US 12,333,441 B2
Reinforcement learning method and apparatus using task decomposition
Min Jong Yoo, Suwon-si (KR); Gwang Pyo Yoo, Suwon-si (KR); and Hong Uk Woo, Suwon-si (KR)
Assigned to RESEARCH & BUSINESS FOUNDATION SUNGKYUNKWAN UNIVERSITY, Suwon-si (KR)
Filed by RESEARCH & BUSINESS FOUNDATION SUNGKYUNKWAN UNIVERSITY, Suwon-si (KR)
Filed on Dec. 6, 2022, as Appl. No. 18/075,669.
Claims priority of application No. 10-2021-0173678 (KR), filed on Dec. 7, 2021.
Prior Publication US 2023/0177348 A1, Jun. 8, 2023
Int. Cl. G06K 9/62 (2022.01); G06N 3/092 (2023.01); G06V 10/774 (2022.01)

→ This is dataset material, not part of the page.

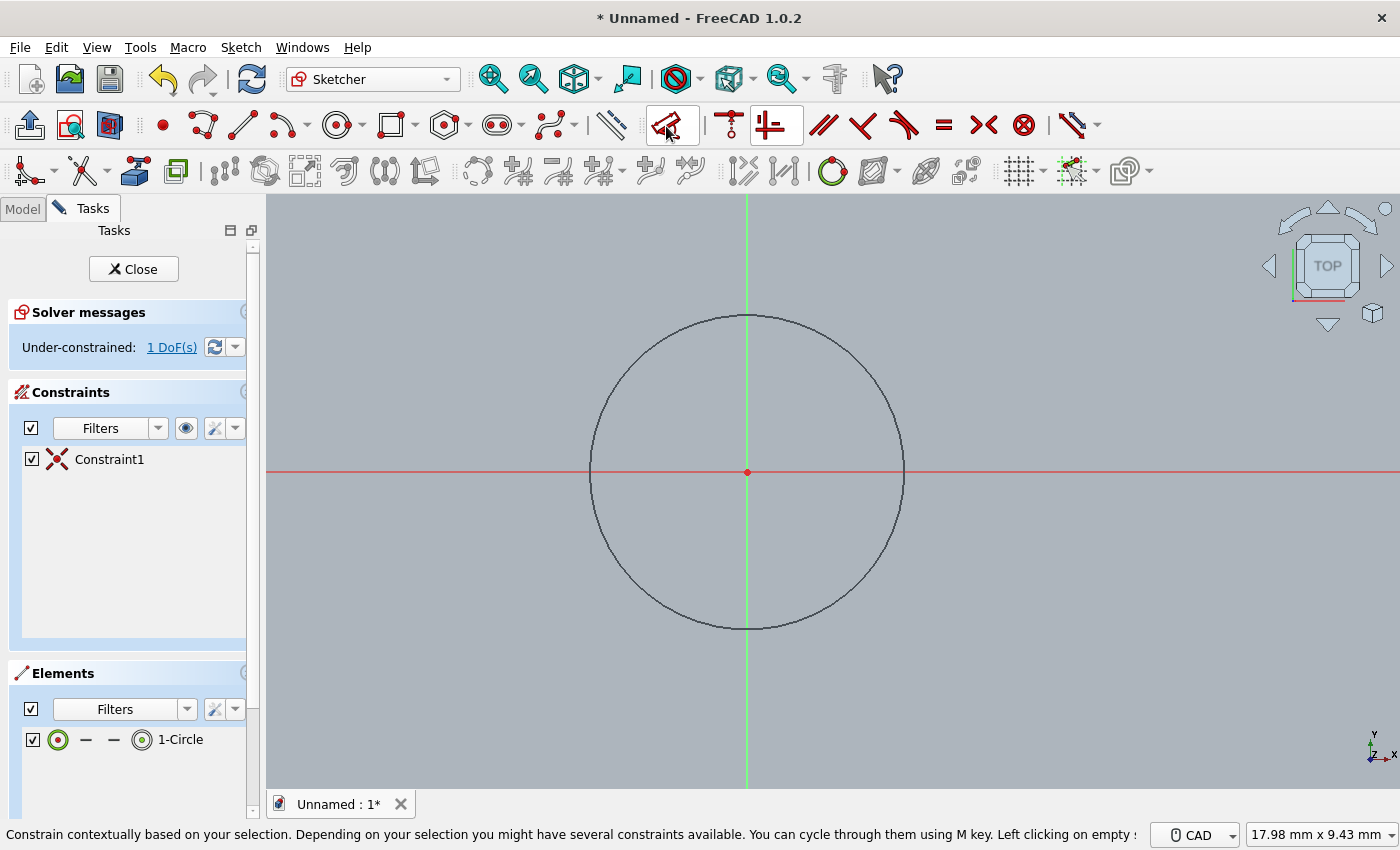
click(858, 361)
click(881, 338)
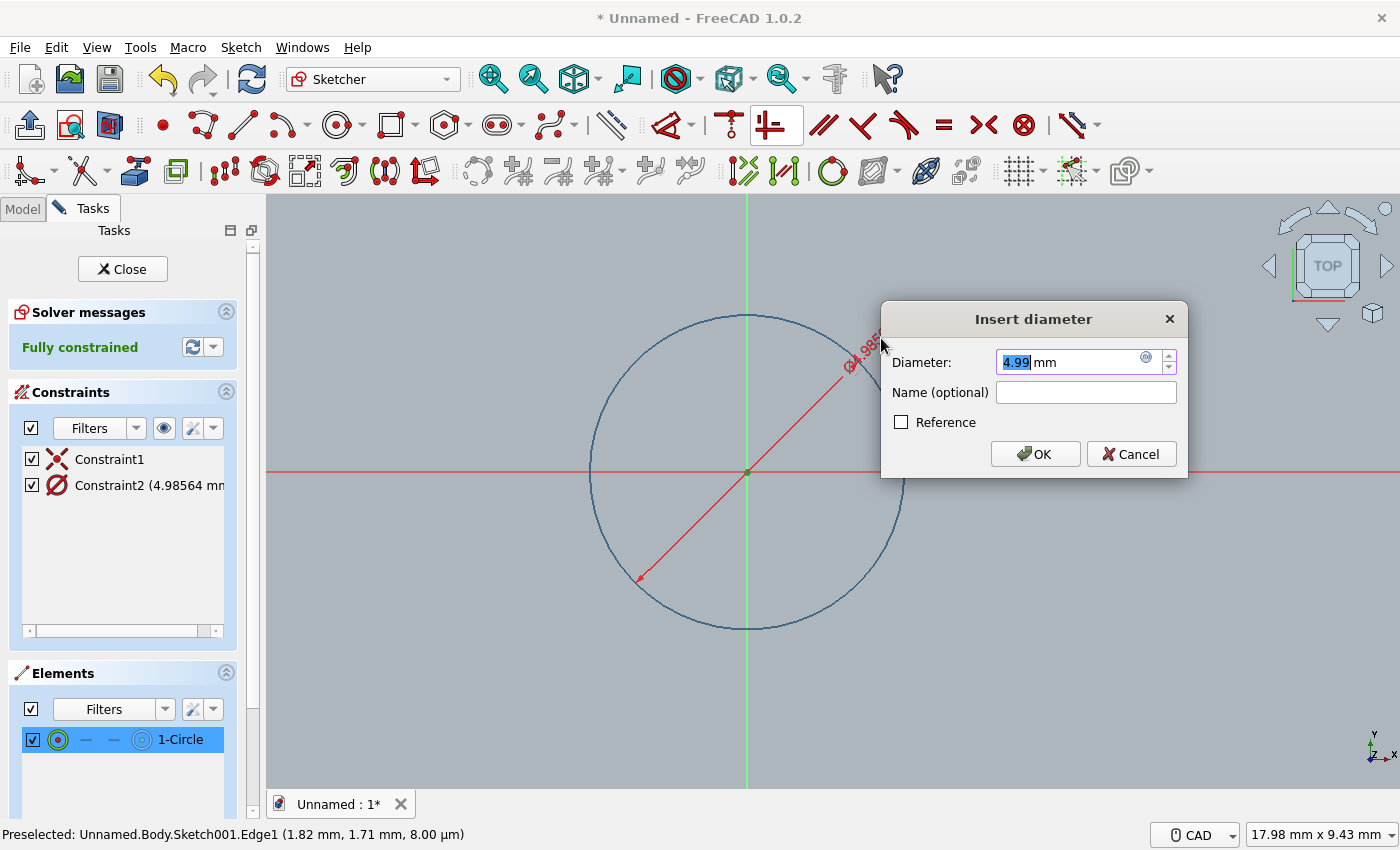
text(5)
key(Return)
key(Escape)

CPC G06N 3/092 (2023.01) [G06V 10/774 (2022.01)] 12 Claims
OG exemplary drawing
 
7. A reinforcement learning apparatus using a task decomposition inference model in a time-variant environment, comprising:
a transition model unit which selects a plurality of paired transitions having a time-invariant common characteristic and a time-variant different environmental characteristic from the dataset including a plurality of transition data based on the cycle GAN;
an embedding unit which trains an auto encoder to embed each of the time-variant part and the time-invariant part with respect to the plurality of paired transitions into a latent space; and
a reinforcement learning unit which performs reinforcement learning on a transition corresponding to data collected in the time-variant environment, using the trained auto encoder.